The Rabbit Turns 30

Original drawings by Brian Wildsmith for “The Velveteen Rabbit”

Bay Area choreographer KT Nelson remembers taking her son to performances when he was as old as 6 months old and noticing how he shifted forward in his seat when children appeared on stage. She also remarked that shows that included music and text got his attention. So she decided to create a piece that would include children and narration. “As you see, I used my son to figure out a few things!” Nelson exclaimed to a young viewer who had come with his mother to hear the choreographer speak about the making of The Velveteen Rabbit during a gallery tour at the “Welcome Home @ 40” theater exhibition last month. Created in 1986, The Velveteen Rabbit celebrates 30 this year and is presented at Yerba Buena Center for the Arts through December 11.

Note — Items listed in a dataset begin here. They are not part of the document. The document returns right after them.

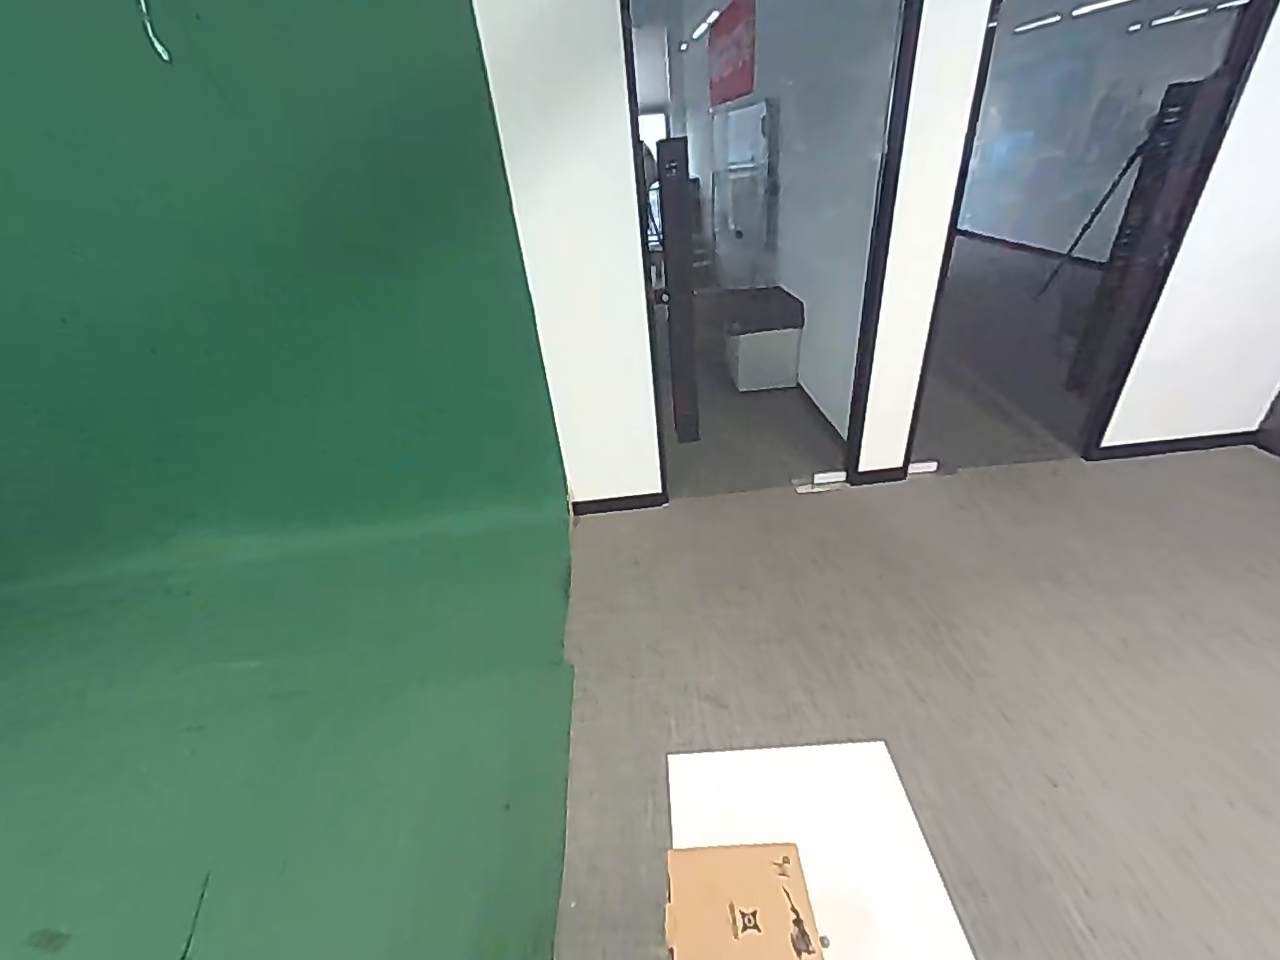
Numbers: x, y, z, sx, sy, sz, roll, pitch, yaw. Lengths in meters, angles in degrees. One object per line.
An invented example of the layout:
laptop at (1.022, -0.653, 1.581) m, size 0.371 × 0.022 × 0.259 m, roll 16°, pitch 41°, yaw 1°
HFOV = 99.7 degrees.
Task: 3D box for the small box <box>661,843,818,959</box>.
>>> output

Around the same time she was observing her son and getting creative cues from him, Nelson heard a 30-minute bedtime recording of The Velveteen Rabbit in which Meryl Streep narrated and George Winston played the piano. “I was taken by Margery Williams’ story which I heard for the first time when I was 31. At that time, after the birth of my son, I was experiencing mortality for the first time. Once you have a child, you soon realize you’re going to pass on and your kids are going to live on- you get that sense of the cannon of ‘being.’ The other thing I discovered was a love of Margery Williams’ language. She had formality, wit and just some down right fun in her prose. Her deeper message of love, becoming ‘real’ and the bump and scraps of life felt just right to me,” Nelson shared. “I first heard this story as a bedtime audio story. It was more of a radio experience than a literary one. I was influenced by the way the producers scenically shaped the tale, Meryl’s dramatic interpretation and Winston’s emotional touch. If I had read the book first this production might have evolved very differently.”

Nelson first choreographed a 30-minute version that featured painted costumes, tights and t-shirts. “The skin horse wore a beige turtleneck with a woolen tail tagged on; the fairy wore costume designer Janet Kokie’s wedding dress; Nana jumped up into the arms of another dancer, wrapped a piece of navy blue velveteen around their shoulders and became a two story character towering over everyone else. It was very low tech! But with little resources we found simple solutions that were effective enough that they remain today,” Nelson continued.

At the time, ODC partnered with a local organization that worked with children, who provided drawings for the set. During the 2 weeks that the show ran, The Velveteen Rabbit –which was ODC’s first family production- was very successful and drew families to The New Performance Gallery, now ODC Theater. ODC founder and Artistic Director Brenda Way suggested to Nelson to make the piece into an evening-length work. So Nelson started to listen to music and finally decided on Benjamin Britten. With a background in music composition and conducting, she collected a lot of Britten’s scores and put them together.

As for the set and costume designer of the evening length version of the Velveteen Rabbit, Nelson reached out to children’s book authors Brian Wildsmith and Eric Carle. Both agreed to collaborate, but Nelson chose to work with Wildsmith. “He had an adventurous use of color and images. I loved his mix of watercolor and hard geometric design, his fantastical imagination, his dynamic composition of complex and minimally filled space and his use of contrast,” Nelson explained. “He said he could draw a lot of animals but his least favorite was a rabbit! With some outside help we found a solution. Even without major input on the main character, Brian’s designs have had profound impact on The Velveteen Rabbit production.”

Today, The Velveteen Rabbit involves 2 casts of 10 children who work intimately with the ODC dancers. Ranging in age and training, children audition in early October and rehearse 3 hours a day on weekends for 6 weeks. They are individually coached and partnered by the ODC dancers and dance side by side with them. As Nelson shared during her talk last month, this is one of the most significant –and fairly unknown- impacts of The Velveteen Rabbit. “These children are given a context of excellence both in dance and human economy. The opportunity for children to dance with professional dancers is rare. Performing side by side and being part of the ODC team is invaluable whether they end up being dancers or not.”

Noticing early on the positive effects that this experience had on children led Nelson to create ODC Dance Jam, which originally included a group of elementary school children and now consists of pre-professional teenagers. On the lasting success of The Velveteen Rabbit, Nelson commented: “It is a well written story that has something lasting in it and resonate with any generation.”